Nonimmigrant Waivers (U and T)
Although not discussed in the PM, applicants for U and T nonimmigrant visas are eligible for a discretionary waiver of inadmissibility for nearly all grounds of inadmissibility, including section 212(a)(6)(C)(ii). Both U and T nonimmigrant statuses offer a path to adjustment of status provided that all of the requirements are met. Please see our sections on U nonimmigrant status [see category] and T nonimmigrant status [see category] to learn more.
Permission to Enter as a Nonimmigrant
An individual who is inadmissible under section 212(a)(6)(C)(ii) may seek permission to enter the United States temporarily as a nonimmigrant under section 212(d)(3)(A). Under section 212(d)(3)(A)(i), an individual may seek a waiver in the course of applying for a visa at a consulate. Under section 212(d)(3)(A)(ii), the individual may, with appropriate documentation or a waiver, seek temporary admission as a nonimmigrant at a port-of-entry. The Attorney General will have discretion to “prescribe conditions, including extraction of bonds as may be necessary, to control and regulate the admission and return of inadmissible aliens applying for temporary admission.”

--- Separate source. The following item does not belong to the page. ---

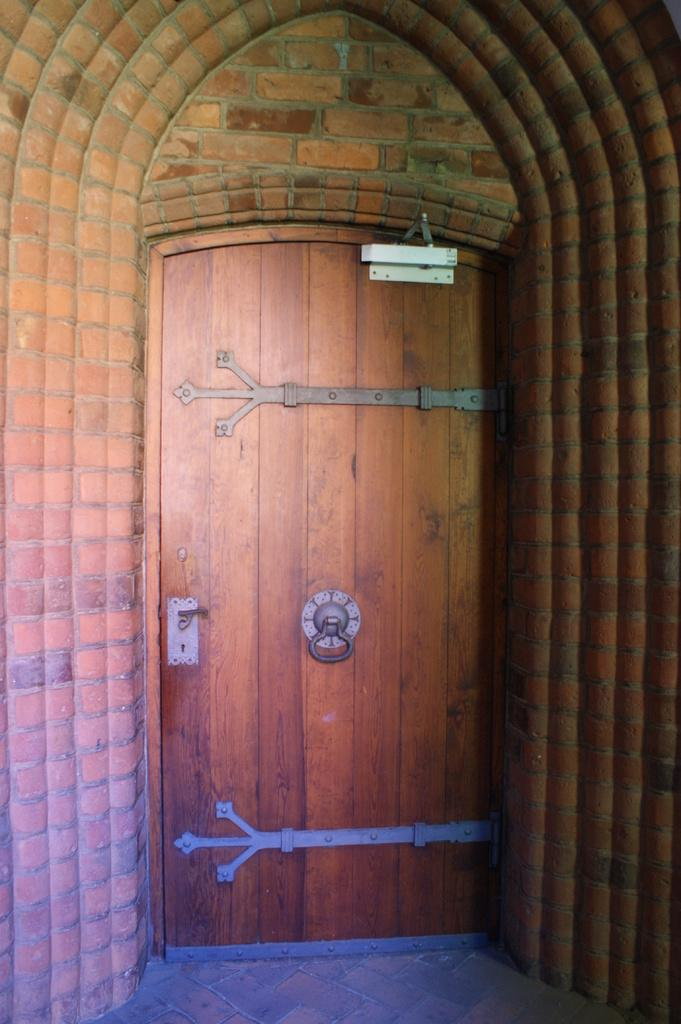What is a prominent feature in the image? There is a wall in the image. Can you describe any openings or features in the wall? There is a door in the wall. What type of jeans is the wall wearing in the image? The wall is not wearing jeans, as it is an inanimate object and does not have the ability to wear clothing.

In short, section 212(d)(3)(A) offers aliens who are inadmissible for making a false claim to U.S. citizenship a path to be admitted temporarily as nonimmigrants. However, it is important to remember that section 212(d)(3)(A) does not waive inadmissibility for seeking lawful permanent resident status or for any purpose other than seeking temporary admission as a nonimmigrant. Furthermore, the waiver is discretionary, and the Attorney General may prescribe conditions on the individual's admission in granting the temporary waiver.
Removal Context
Section 237(a)(3)(D) provides a corresponding deportability ground for making a false claim to U.S. citizenship. Please see our full article to learn more [see article]. In removal or deportation proceedings, an individual may seek defense from removal in the form of cancellation of removal [see category for articles]. Furthermore, falsely claiming U.S. citizenship is not a bar to statutory withholding of removal [see article] or relief under the Convention Against Torture [see article].
Conclusion
Inadmissibility for falsely claiming U.S. citizenship is one of the most severe inadmissibility grounds. In most cases, an individual who is inadmissible for a false claim to U.S. citizenship will be permanently barred from adjustment of status and most other immigration benefits. For this reason, individuals should always refrain from making what could in any way be construed as a false claim to U.S. citizenship, as defined in section 212(a)(6)(C)(ii). If an individual believes he or she may have made a false claim to U.S. citizenship or is charged with inadmissibility for such a claim, he or she should consult with an experienced immigration attorney immediately for guidance. An experienced immigration attorney may also be able to evaluate whether an alien who has been found inadmissible under section 212(a)(6)(C)(ii) would be able to procure a temporary nonimmigrant waiver.